You are now entering Ad Space, a realm of commercials, brought before us so we might examine how they work, and discuss why we both love and hate them so. So it is written …
The Product:
Burger King
The Promotion:
The Pitch:
Technically, fast food burgers are a diet, too.
How many of us have “go on a diet” as part of our New Year’s resolutions?
For fast food restaurants, diet conscious consumers can be both a problem and an opportunity. On the one hand, someone who’s trying to lose weight will probably want to avoid their greasy and deep fat fried offerings. On the other hand, it gives them the chance to tout their supposedly healthier and lower calorie meals, while painting the other fast food joints as the unhealthy ones.
But in this ad, Burger King took a different approach. They don’t bother trying to make their mass produced burgers seem healthy (even if they’re made from real Angus beef, which was supposedly a big selling point at the time). Instead, they satirize the whole idea of dieting, by creating their own “Angus Diet”, with its own sleazy motivational speaker who recites a bunch of feel-good claptrap.
They put all the energy and rhetoric of fad diets into telling people to eat Angus beef burgers. Not claiming it will help them lose weight, but “The Angus diet isn’t about losing anything. It’s about finding. Finding joy, finding pleasure.”

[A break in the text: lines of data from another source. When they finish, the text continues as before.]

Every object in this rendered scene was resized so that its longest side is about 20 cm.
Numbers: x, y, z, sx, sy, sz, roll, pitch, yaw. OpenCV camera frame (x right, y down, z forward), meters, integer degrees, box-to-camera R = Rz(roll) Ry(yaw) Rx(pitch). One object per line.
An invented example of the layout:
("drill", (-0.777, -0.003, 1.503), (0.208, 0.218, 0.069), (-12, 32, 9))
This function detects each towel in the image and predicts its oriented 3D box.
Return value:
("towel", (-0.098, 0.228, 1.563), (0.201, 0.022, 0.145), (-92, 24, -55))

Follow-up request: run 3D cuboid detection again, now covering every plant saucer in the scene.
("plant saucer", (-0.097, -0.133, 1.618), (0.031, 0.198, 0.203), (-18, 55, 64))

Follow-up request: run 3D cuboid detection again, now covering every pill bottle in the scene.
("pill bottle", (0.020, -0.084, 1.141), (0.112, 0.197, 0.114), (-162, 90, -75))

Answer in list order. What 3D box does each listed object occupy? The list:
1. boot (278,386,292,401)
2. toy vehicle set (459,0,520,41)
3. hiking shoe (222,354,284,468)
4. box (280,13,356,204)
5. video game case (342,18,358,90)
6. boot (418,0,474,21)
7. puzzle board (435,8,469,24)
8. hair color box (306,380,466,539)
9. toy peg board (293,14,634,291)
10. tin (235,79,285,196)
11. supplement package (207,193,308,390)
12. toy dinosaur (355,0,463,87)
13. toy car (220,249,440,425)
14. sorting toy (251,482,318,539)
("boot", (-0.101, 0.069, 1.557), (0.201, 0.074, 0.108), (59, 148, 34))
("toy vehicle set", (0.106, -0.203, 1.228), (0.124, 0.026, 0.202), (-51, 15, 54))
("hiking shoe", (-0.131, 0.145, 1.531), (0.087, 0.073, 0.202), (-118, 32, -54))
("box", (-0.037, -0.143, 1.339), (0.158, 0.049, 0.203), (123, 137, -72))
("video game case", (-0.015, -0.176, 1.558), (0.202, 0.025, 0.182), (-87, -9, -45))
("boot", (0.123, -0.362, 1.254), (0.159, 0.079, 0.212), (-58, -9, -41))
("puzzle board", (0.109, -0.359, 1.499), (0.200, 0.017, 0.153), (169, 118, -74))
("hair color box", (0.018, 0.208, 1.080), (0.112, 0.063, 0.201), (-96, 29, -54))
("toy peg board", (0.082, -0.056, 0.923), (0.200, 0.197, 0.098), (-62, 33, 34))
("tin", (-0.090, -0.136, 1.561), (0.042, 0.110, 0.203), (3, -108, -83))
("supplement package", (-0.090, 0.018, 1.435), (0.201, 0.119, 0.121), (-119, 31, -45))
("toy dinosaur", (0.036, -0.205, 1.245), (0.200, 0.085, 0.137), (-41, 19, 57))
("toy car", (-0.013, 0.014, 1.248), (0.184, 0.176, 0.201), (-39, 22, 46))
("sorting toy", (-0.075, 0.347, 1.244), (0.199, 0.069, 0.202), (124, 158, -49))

They’re not expecting anyone to take this as serious diet advice, of course. Rather, it’s to make people wonder if the diet plans they’ve been hearing about really have any more substance to them than Dr. Angus. What Burger King’s trying to imply is that all diets are works of hucksterism, so why not choose the diet that at least provides you with delicious Angus beef?
I’ll admit, “If you eat, you’re on a diet; a diet is what you eat” is a line I’ve used in my own life.